-- What is expected --
Retype, word for word, only the lines from the one containing "shoe: (0.141, -0.106, 0.930);" through the last line of the listing below. Pictures do not belong in the result.

————

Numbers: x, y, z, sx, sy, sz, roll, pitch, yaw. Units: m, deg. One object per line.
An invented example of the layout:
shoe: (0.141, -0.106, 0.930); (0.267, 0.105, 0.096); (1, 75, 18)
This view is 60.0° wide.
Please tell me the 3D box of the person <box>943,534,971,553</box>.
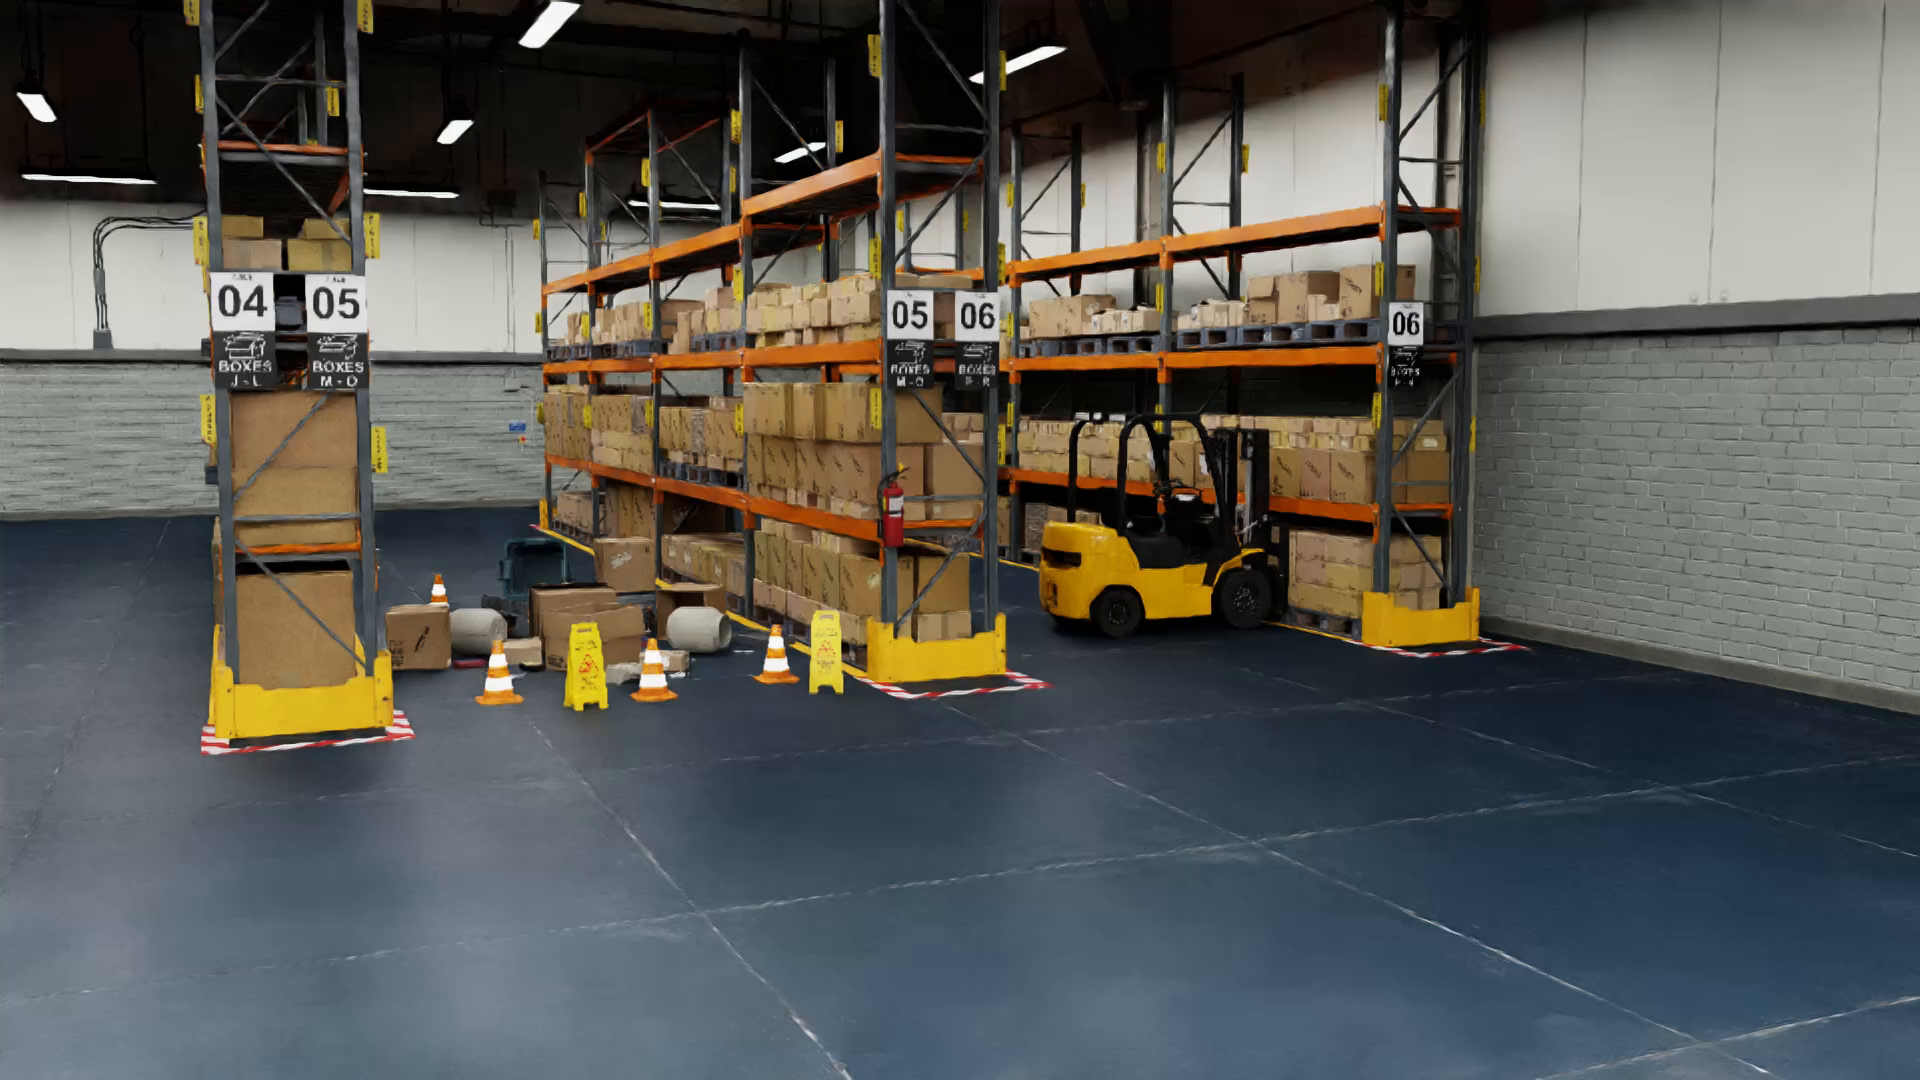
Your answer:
person: (-0.094, -0.091, 17.377); (0.476, 1.790, 0.594); (1, 5, 9)

————

-- Answer to the exercise --
shoe: (0.141, -0.106, 0.930); (0.267, 0.105, 0.096); (1, 75, 18)
This view is 60.0° wide.
Please tell me the 3D box of the person <box>943,534,971,553</box>.
Your answer:
person: (-0.094, -0.091, 17.377); (0.476, 1.790, 0.594); (1, 5, 9)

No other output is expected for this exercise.